Medical - Diagnostics & Research · NYSE
Current Price
$178.80
Intrinsic Value
Use the calculator below to estimate
Run a PE ratio stock valuation on Danaher Corporation with auto-filled earnings data, adjustable target PE, and instant fair value estimate.
Danaher Corporation designs, manufactures, and markets professional, medical, industrial, and commercial products and services worldwide. The company operates through three segments: Life Sciences, Diagnostics, and Environmental & Applied Solutions. The Life Sciences segment provides mass spectrometers; flow cytometry, genomics, lab automation, centrifugation, particle counting and characterization; microscopes; genomics consumables; and Gene and Cell Therapy. This segment also offers bioprocess technologies, consumables, and services; and filtration, separation, and purification technologies to the pharmaceutical and biopharmaceutical, food and beverage, medical, and life sciences companies, as well as universities, medical schools and research institutions, and various industrial manufacturers. The Diagnostics segment provides chemistry, immunoassay, microbiology, and automation systems, as well as hematology, molecular, acute care, and pathology diagnostics products. This segment offers clinical instruments, reagents, consumables, software, and services for hospitals, physicians' offices, reference laboratories, and other critical care settings. The Environmental & Applied Solutions segment offers instrumentation, consumables, software, services, and disinfection systems to analyze, treat, and manage ultra-pure, potable, industrial, waste, ground, source, and ocean water in residential, commercial, industrial, and natural resource applications. This segment also provides instruments, software, services, and consumables for various color and appearance management, packaging design and quality management, packaging converting, printing, marking, coding, and traceability applications for consumer, pharmaceutical, and industrial products. The company was formerly known as Diversified Mortgage Investors, Inc. and changed its name to Danaher Corporation in 1984. Danaher Corporation was founded in 1969 and is headquartered in Washington, the District of Columbia.
Earnings Yield
2.91%
ROE (TTM)
7.1%
Based on trailing twelve-month data, DHR has earnings per share of N/A and trades at a PE ratio of N/A. These are key inputs for stock valuation using the PE ratio method.
The trailing twelve-month PE ratio of DHR reflects how much investors pay per dollar of Danaher Corporation's earnings. This metric is most useful when compared to Medical - Diagnostics & Research peers and the company's own historical range.

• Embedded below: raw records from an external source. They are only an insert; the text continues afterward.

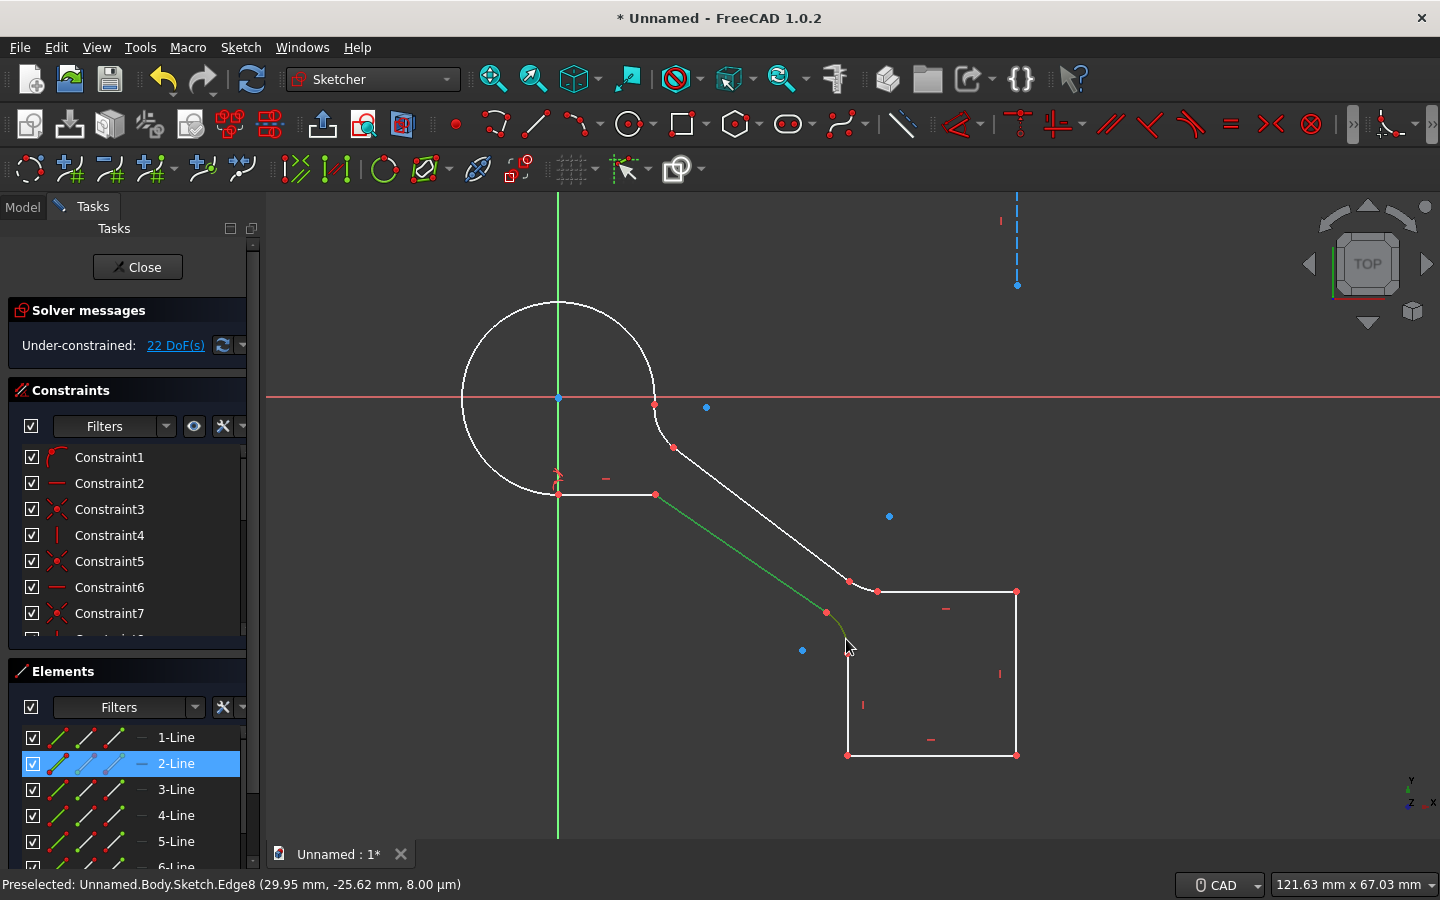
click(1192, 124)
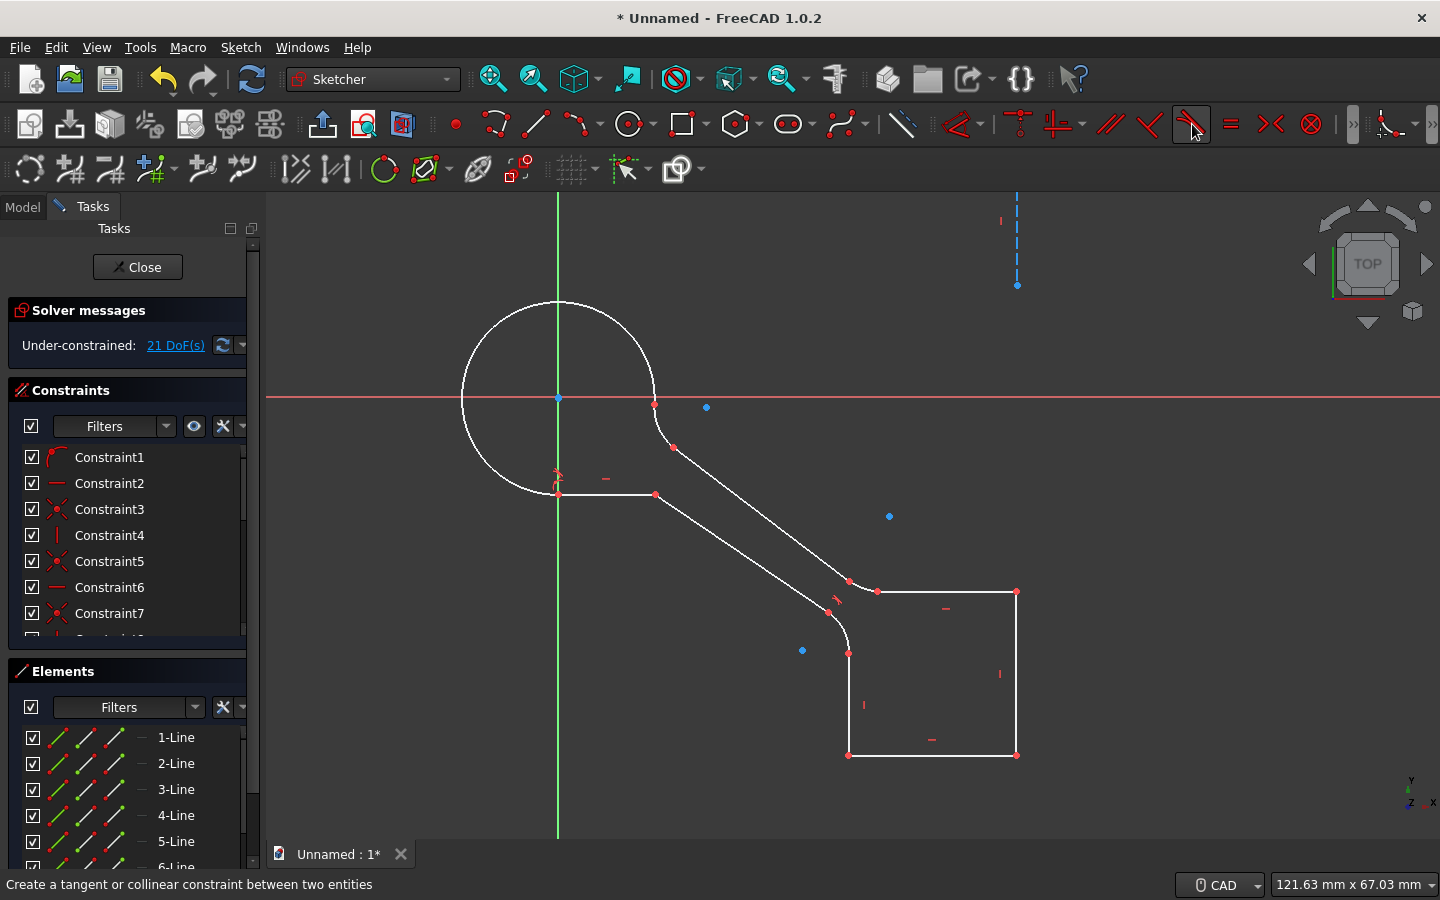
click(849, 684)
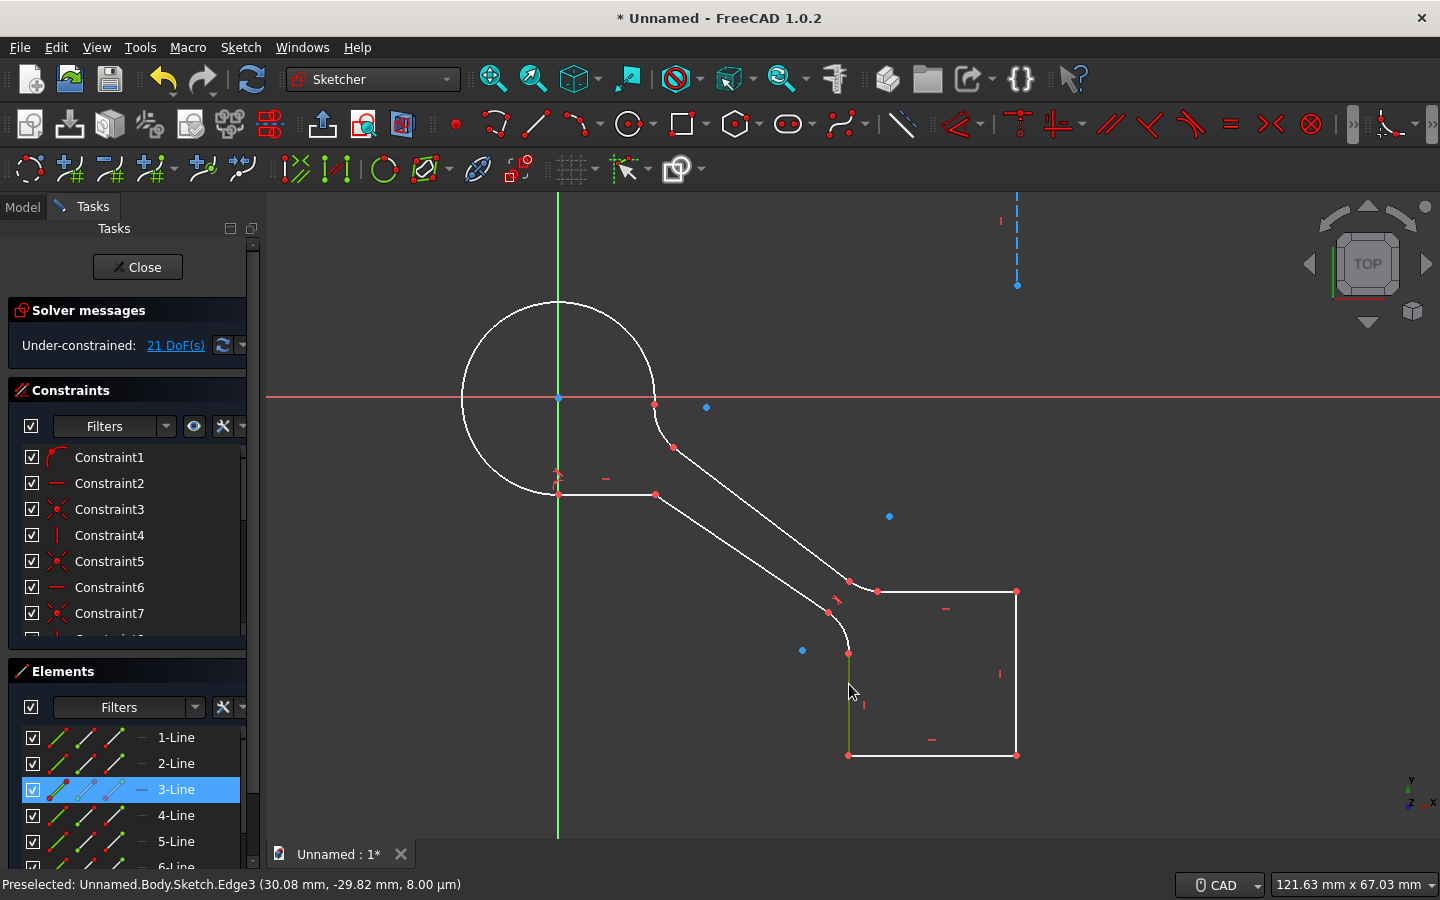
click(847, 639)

Whether DHR is overvalued depends on comparing its PE ratio to Medical - Diagnostics & Research peers, historical averages, and growth expectations. A PE above the sector average may indicate overvaluation, but high-growth companies often command premium multiples. Consider pairing PE analysis with a DCF model for a more complete picture.
To value Danaher Corporation using PE: (1) Compare the current PE against the Medical - Diagnostics & Research median to assess relative pricing, (2) check the PEG ratio to adjust for growth expectations, (3) review the 5-year PE range to identify where the stock sits historically, and (4) estimate fair value by multiplying a target PE by forward EPS estimates. This relative approach complements DCF's absolute valuation.

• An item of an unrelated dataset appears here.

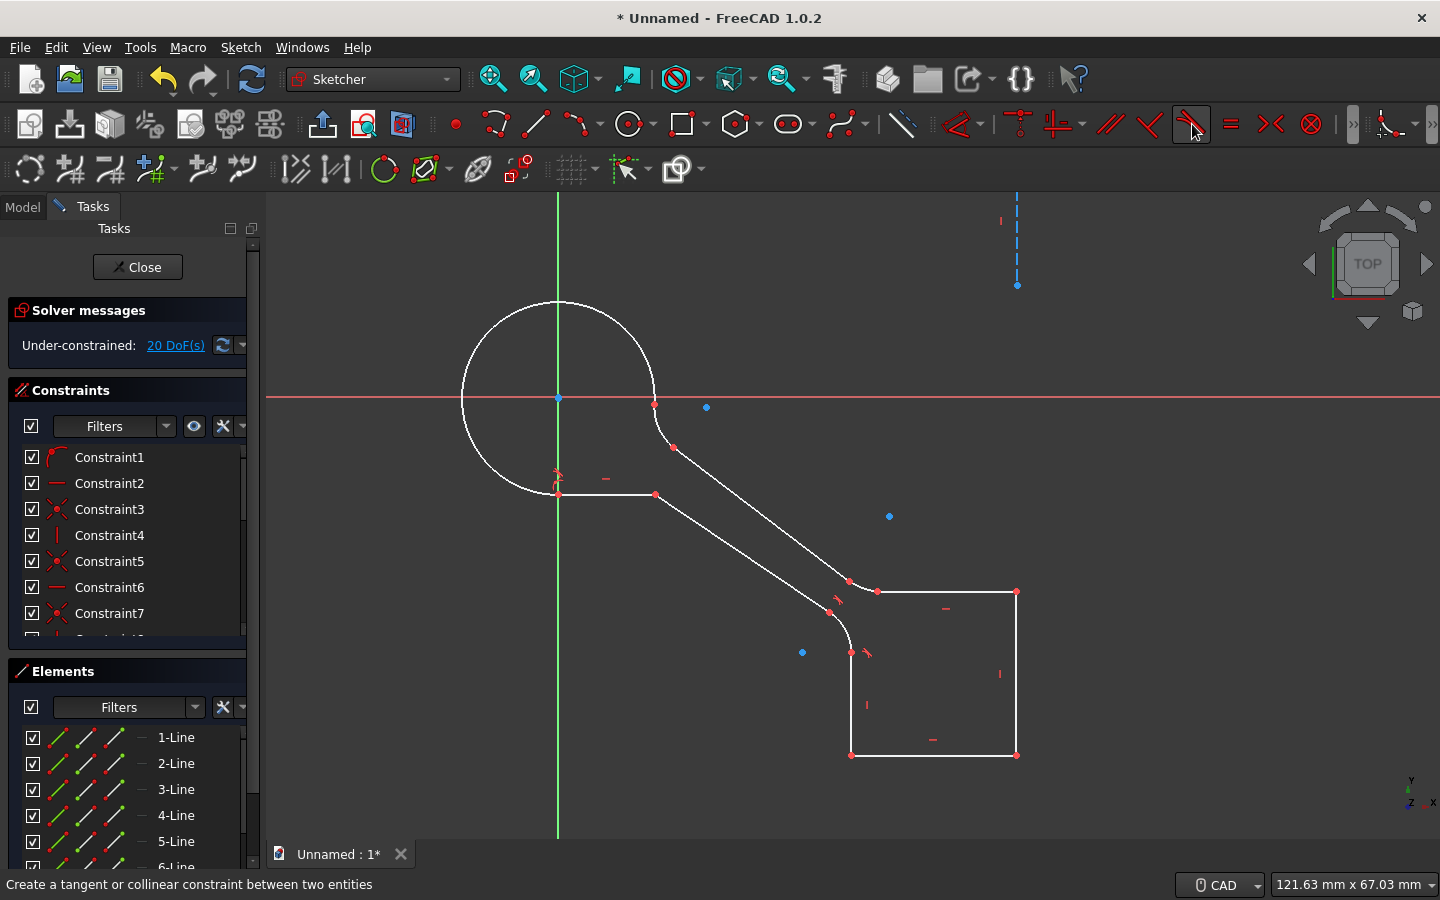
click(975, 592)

The PEG ratio divides the PE ratio by the expected earnings growth rate, providing a growth-adjusted valuation metric. A PEG below 1.0 may indicate undervaluation relative to growth, while above 2.0 may suggest overvaluation. PEG is most reliable for companies with stable, predictable earnings growth.
PE ratio gives a quick relative read — how DHR is priced versus Medical - Diagnostics & Research peers. DCF provides an absolute value based on projected free cash flows. For the most reliable valuation, use PE as a quick comparability screen and DCF for a deeper fundamental analysis. Each method has blind spots: PE ignores capital structure and cash flow quality, while DCF is sensitive to growth and discount rate assumptions.